* **ASSIGNMENT**: From the line containing "#3 thermos <box>298,293,515,392</box>" onward, retype each line of the entries below exactly, last line included.

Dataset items
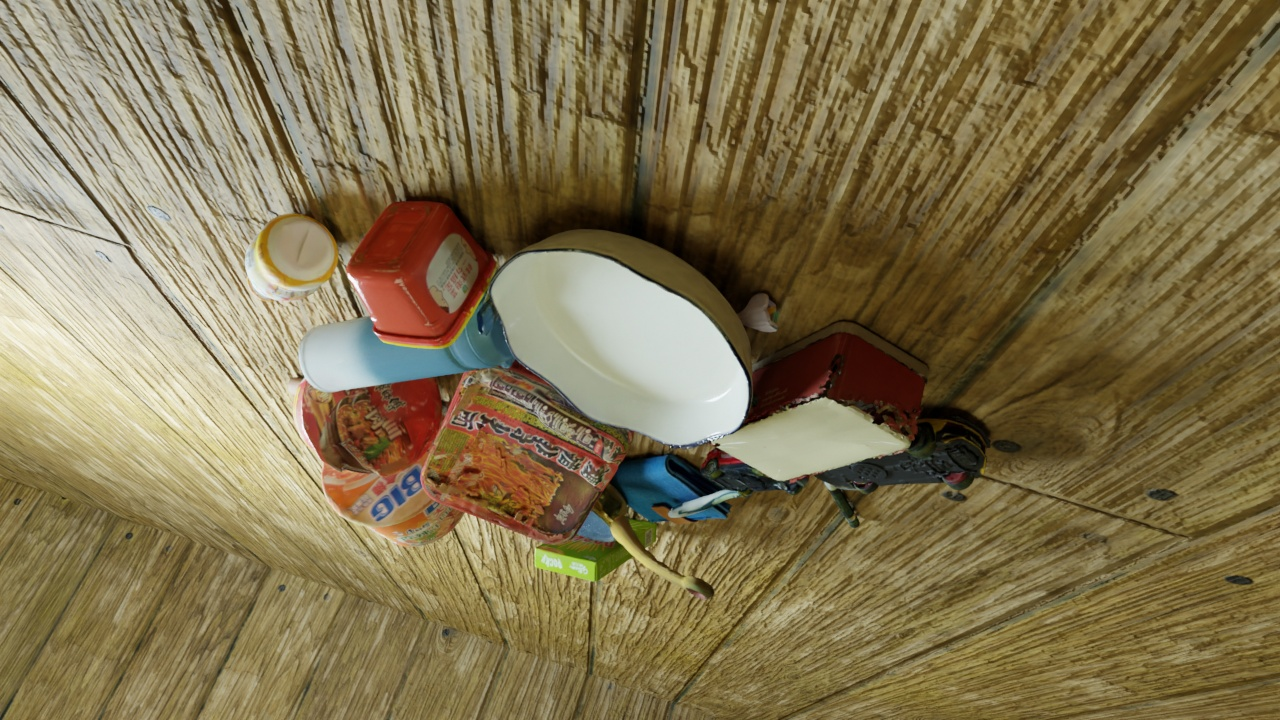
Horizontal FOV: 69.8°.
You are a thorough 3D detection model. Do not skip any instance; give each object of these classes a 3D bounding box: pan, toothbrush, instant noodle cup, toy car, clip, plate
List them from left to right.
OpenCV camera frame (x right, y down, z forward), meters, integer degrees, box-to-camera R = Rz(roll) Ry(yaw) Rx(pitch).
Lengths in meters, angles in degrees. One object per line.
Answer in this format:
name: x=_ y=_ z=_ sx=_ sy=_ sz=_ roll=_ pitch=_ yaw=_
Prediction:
instant noodle cup: x=-0.285 y=0.047 z=0.931 sx=0.138 sy=0.137 sz=0.109 roll=33 pitch=160 yaw=-26
instant noodle cup: x=-0.264 y=0.134 z=1.031 sx=0.151 sy=0.151 sz=0.111 roll=12 pitch=152 yaw=15
clip: x=-0.113 y=-0.046 z=0.706 sx=0.028 sy=0.056 sz=0.024 roll=13 pitch=140 yaw=11
instant noodle cup: x=-0.106 y=0.079 z=0.868 sx=0.164 sy=0.079 sz=0.189 roll=25 pitch=123 yaw=-9
pan: x=-0.054 y=0.168 z=0.989 sx=0.358 sy=0.078 sz=0.198 roll=11 pitch=152 yaw=39
plate: x=-0.010 y=-0.017 z=0.669 sx=0.205 sy=0.045 sz=0.205 roll=21 pitch=148 yaw=14
toothbrush: x=0.024 y=-0.025 z=0.695 sx=0.190 sy=0.021 sz=0.029 roll=-7 pitch=106 yaw=45
toothbrush: x=0.095 y=0.133 z=0.912 sx=0.016 sy=0.018 sz=0.192 roll=40 pitch=135 yaw=-25
toy car: x=0.105 y=0.095 z=0.840 sx=0.053 sy=0.045 sz=0.121 roll=31 pitch=159 yaw=-25
toothbrush: x=0.179 y=0.120 z=0.870 sx=0.012 sy=0.017 sz=0.186 roll=16 pitch=157 yaw=37
toy car: x=0.201 y=0.075 z=0.741 sx=0.071 sy=0.041 sz=0.156 roll=36 pitch=148 yaw=-30

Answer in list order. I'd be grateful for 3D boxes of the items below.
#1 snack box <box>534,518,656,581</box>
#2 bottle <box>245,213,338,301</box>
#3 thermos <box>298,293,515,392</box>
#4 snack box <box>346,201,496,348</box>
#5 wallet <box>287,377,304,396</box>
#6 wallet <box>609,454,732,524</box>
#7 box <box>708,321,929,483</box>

* **TASK ANSWER**:
#3 thermos <box>298,293,515,392</box>
#4 snack box <box>346,201,496,348</box>
#5 wallet <box>287,377,304,396</box>
#6 wallet <box>609,454,732,524</box>
#7 box <box>708,321,929,483</box>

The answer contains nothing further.